I had lunch with my brothers — Hy-Vee Chinese, my favorite. Convenient for them, it was “my turn to buy.”
The early morning snow showers had given way to partial sun as we pulled up to a two-story concrete building flanked with rod-iron gates. There we hugged, shed a few tears while we said our goodbyes and I walked into the place that would be my home for the next 40 months.
Shortly after my arrival, I was led to another building and into a small room. It was cold and dimly lit, almost like a broom closet.
Once inside, a man ordered me to strip down, bend over and spread my cheeks.
At the time, I weighed more than 400 pounds, so to lighten the tension, I told the man, “Buddy, you are really getting the short end of this stick.”

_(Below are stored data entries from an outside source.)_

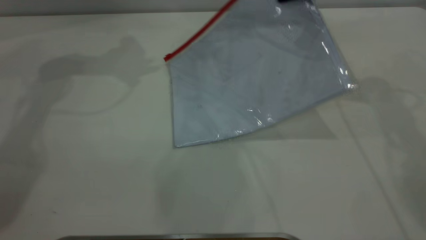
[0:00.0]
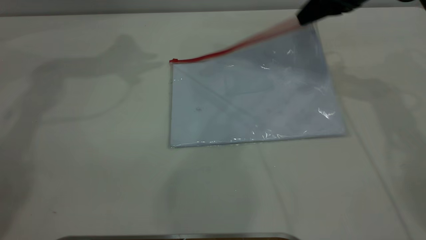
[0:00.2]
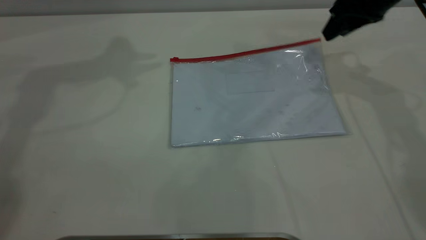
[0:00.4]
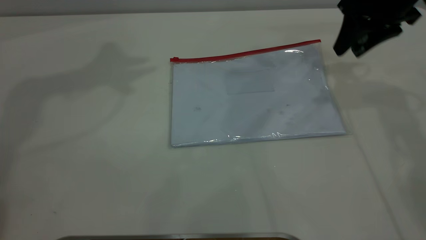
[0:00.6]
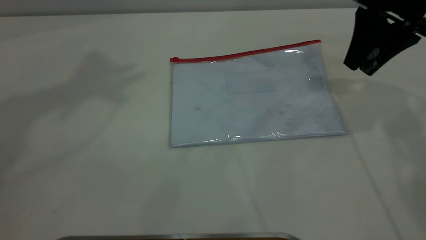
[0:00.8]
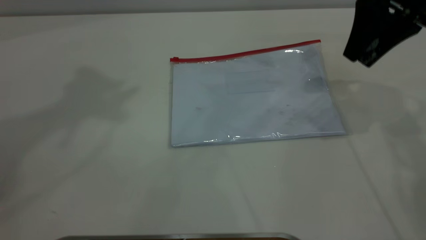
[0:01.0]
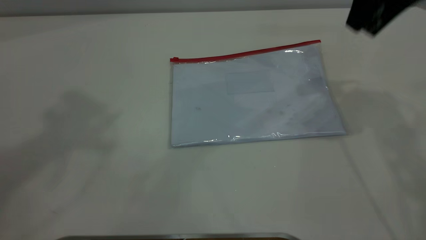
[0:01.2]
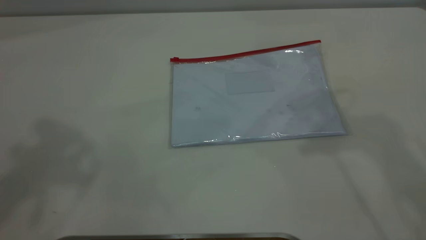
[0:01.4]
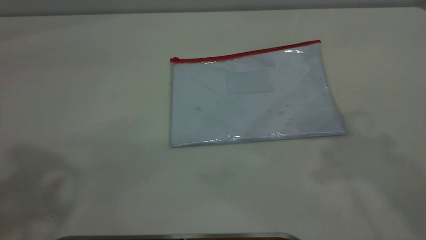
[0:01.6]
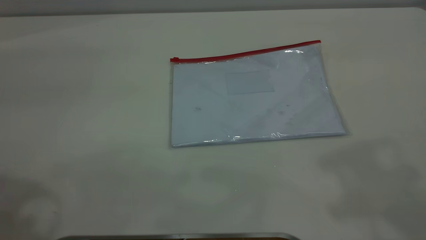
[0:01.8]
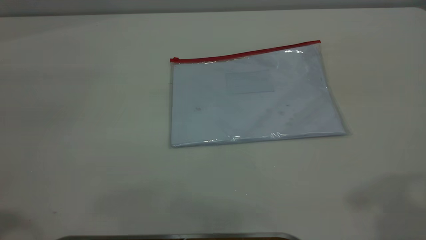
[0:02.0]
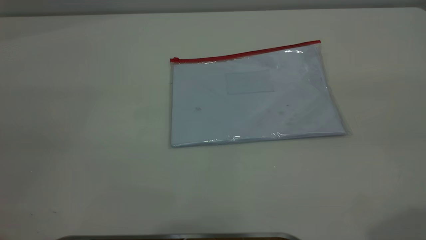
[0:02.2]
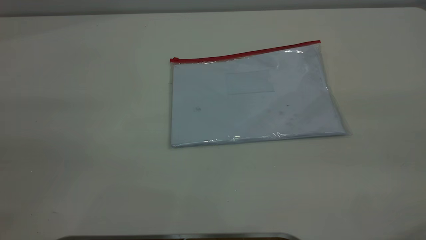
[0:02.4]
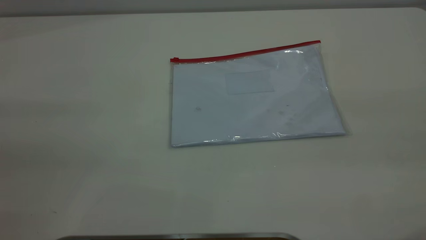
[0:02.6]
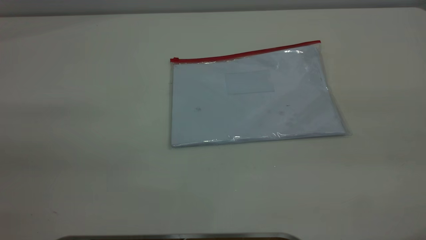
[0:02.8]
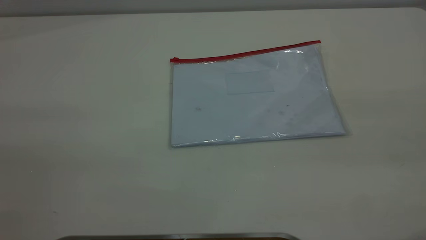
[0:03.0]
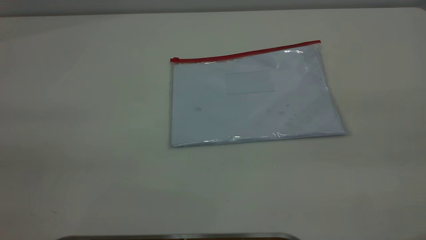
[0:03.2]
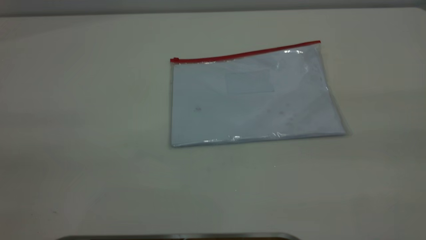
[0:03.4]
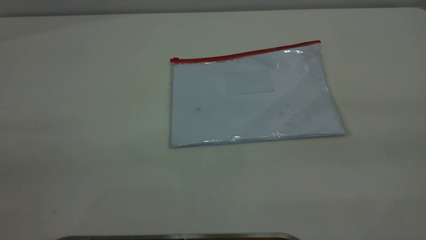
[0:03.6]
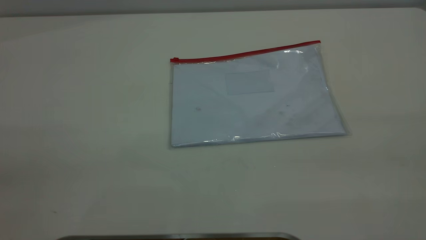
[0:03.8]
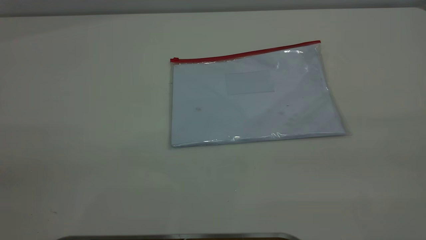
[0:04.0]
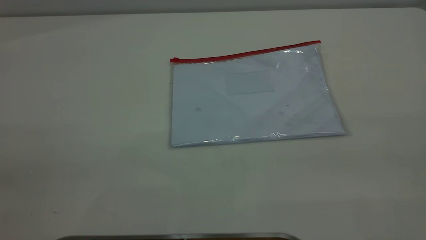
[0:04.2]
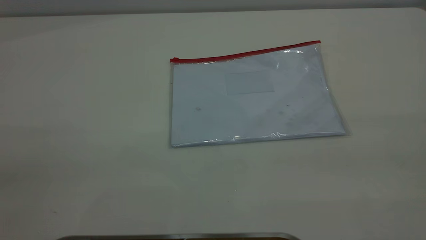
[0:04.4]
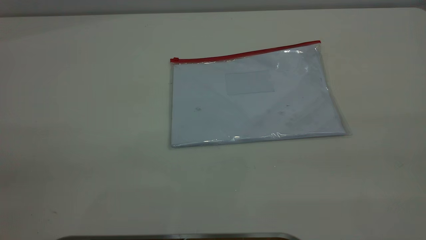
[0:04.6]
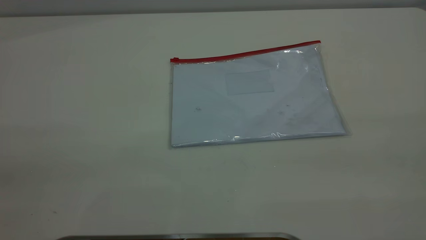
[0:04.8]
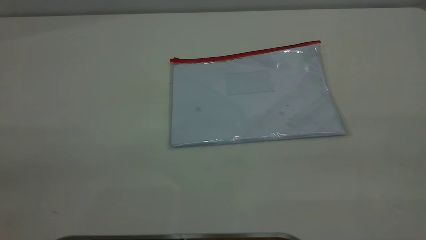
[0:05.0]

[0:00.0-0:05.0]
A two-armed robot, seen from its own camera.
Step, 0:00.0 to 0:01.2: Place the transparent plastic bag.
0:00.0 to 0:01.6: The right gripper moves upward and backward, approximately 35 cm, and opens. Meanwhile the left gripper goes approximately 35 cm backward and upward.

I thought that was a pretty good joke, but when I looked back, the man didn’t show a hint of a smile or smirk. All I saw was a stone-cold face, his eyes piercing back through me.
You see, the man was a correctional officer; I was going through the intake process for Yankton Federal Prison Camp; and this was definitely no joke.
So how does a clean-shaven, middle-income, middle-aged white guy from rural Iowa end up in prison?
Let me start at the beginning.
All my favorite childhood memories center on my dad.
An especially fond one was sitting on his lap at the local tavern as he played poker. I’d help him make change in the pot, neatly arrange his stacks of cash and pull home winning hands. It was there I learned the phrase, “winner’s laugh and tell jokes, and losers cry deal.”
My dad said deal a lot.
As I got older, he taught me how to read a sports-betting sheet and would occasionally ask my opinion on who might win. I cherished the attention I got from my dad, and since gambling was our connection, I learned everything I could about it.
During the ag crisis of the early ’80s, Dad declared bankruptcy and, no doubt, gambling was a contributing factor.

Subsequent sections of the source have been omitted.